The Slayer's Redemption
Page 18
There she was, all too ready to discuss it, and yet he was still embroiled in conversation with Sir Roger. Should she knock or wait?
In spite of her tenuous situation, hope such as she had never known before burned within her. Sir Christian’s dark looks had made it clear he knew who she was. Yet he hadn’t mocked her. Nor had he publicly exposed her. Perhaps all her worries had been for naught.
The door of the solar opened suddenly and Sir Roger stepped through it, stopping just short of plowing her down. “Ah!” he exclaimed. “I was just coming to fetch you ... Clarisse du Boise.”

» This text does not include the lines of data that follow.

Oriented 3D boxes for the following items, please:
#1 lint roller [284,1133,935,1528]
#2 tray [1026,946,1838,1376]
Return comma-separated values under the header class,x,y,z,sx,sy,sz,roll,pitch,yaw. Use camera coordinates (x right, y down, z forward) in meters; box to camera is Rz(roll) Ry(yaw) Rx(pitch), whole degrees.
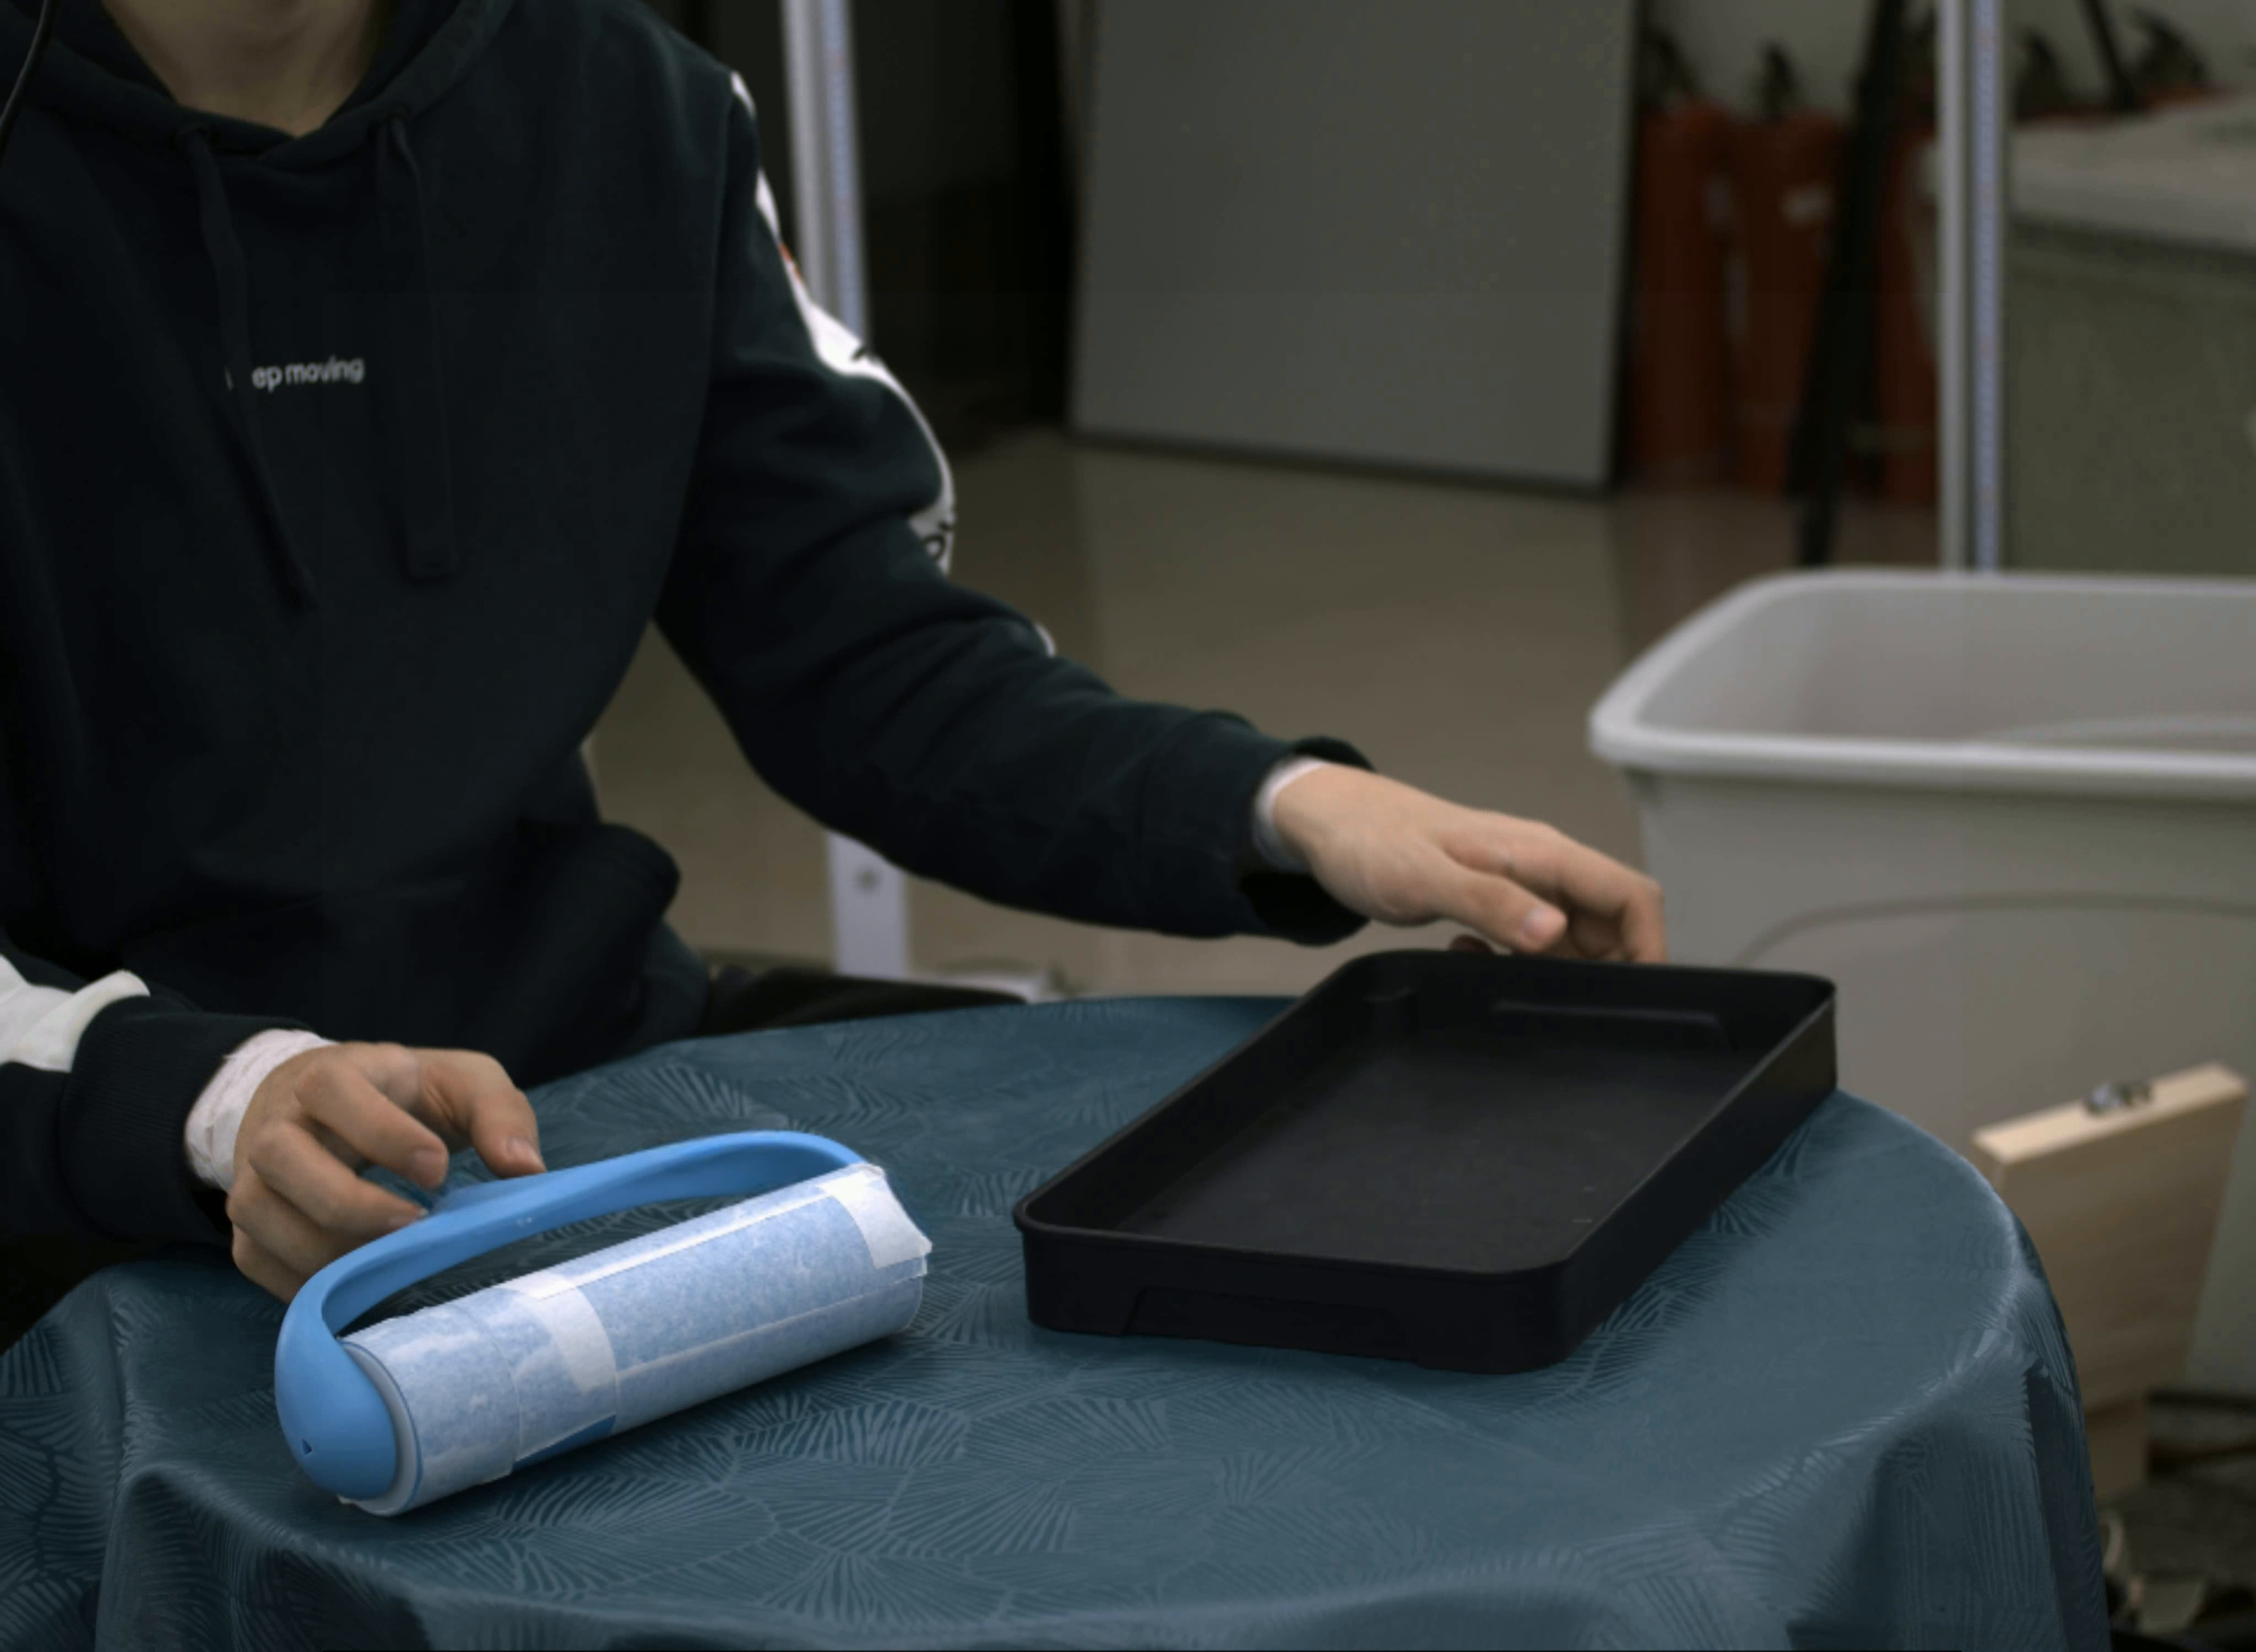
class,x,y,z,sx,sy,sz,roll,pitch,yaw
lint roller,-0.188,0.141,1.627,0.182,0.068,0.224,11,22,44
tray,0.107,0.102,1.745,0.184,0.037,0.314,1,16,24

At the purposeful mention of her name, she drew a quick breath while searching his face for condemnation. His expression struck her as taut. The smile that hovered perpetually at one comer of his mouth had fled, but he did not seem to hate her.
“Please,” she begged, laying a hand on his sleeve as he held the door for her, “I never wanted to deceive you. Please understand that I had a very good reason.”
“Go in,” he said, ignoring her plea, though his tone mellowed. He ran what she took to be a pitying gaze over her.
Wondering at the reason for his look, Clarisse inched through the portal, her hopes fluttering like a fledgling fresh out of the nest. Her gaze fastened on the Slayer, whom she found seated at his writing table. With the torch behind him and only a single tallow lamp on the opposite side of the room, shadows pooled in the hollows of his face, concealing his expression.
She looked pleadingly back at the knight, but he shut the door between them, leaving her and Christian de la Croix alone together.
Rain tapped against the closed shutters. The room seemed full of menacing gloom, not the least of which was the Slayer himself, dressed in the black tunic he had worn to dinner.
“Simon sleeps?” His low inquiry broke the taut silence.
The menacing edge to his voice made her stomach cramp. “Aye, with Nell watching over him,” she replied.
He propped his elbows on the writing desk. As he leaned forward, the glow of the tallow lamp kissed his cheekbones, illuminating the scar on his cheek. “You owe me an explanation,” he demanded very softly.
To give herself courage, she thought of how he’d come by that scar. “My lord, I will tell you the truth,” she promised him. “I only beg that you ask yourself what you would have done in my stead.”
“Fair enough.” His shadowed gaze never wavered.
She clasped her hands together for courage. “A year and three months past Angus Ferguson appeared at our gates, a traveler with just a band of men. He begged my father’s hospitality and we gave it, never suspecting how we would be repaid.” She took a breath to steady the tremor in her voice.
“That night Ferguson sprinkled poison in my father’s drink—he hides his powders in his brooch rings.” The memory replayed itself, and the words came more easily. “My father fell from the dais, stricken with pains. Our 'guests' jumped up, catching our knights unawares. They pulled daggers from their boots and killed every man that dwelled in Heathersgill.” She paused, seeing it once more in her mind’s eye. Wishing she could erase the horrific image, she intoned, “Then Ferguson took his axe and severed my father’s head from his body.”
A thundercloud seemed to descend upon the Slayer’s brow. His look of outrage encouraged her as she sought to convey the depth of her horror. “Ferguson dragged my mother to the upper chambers. She had just seen her husband beheaded, and now she was being forced ...” She put her hands to her ears, hearing the awful screams again. “I could not stop him from raping her!” she said forcefully, wishing not for the first time that she’d been an able-bodied knight. She dropped her hands helplessly and fought to keep her composure.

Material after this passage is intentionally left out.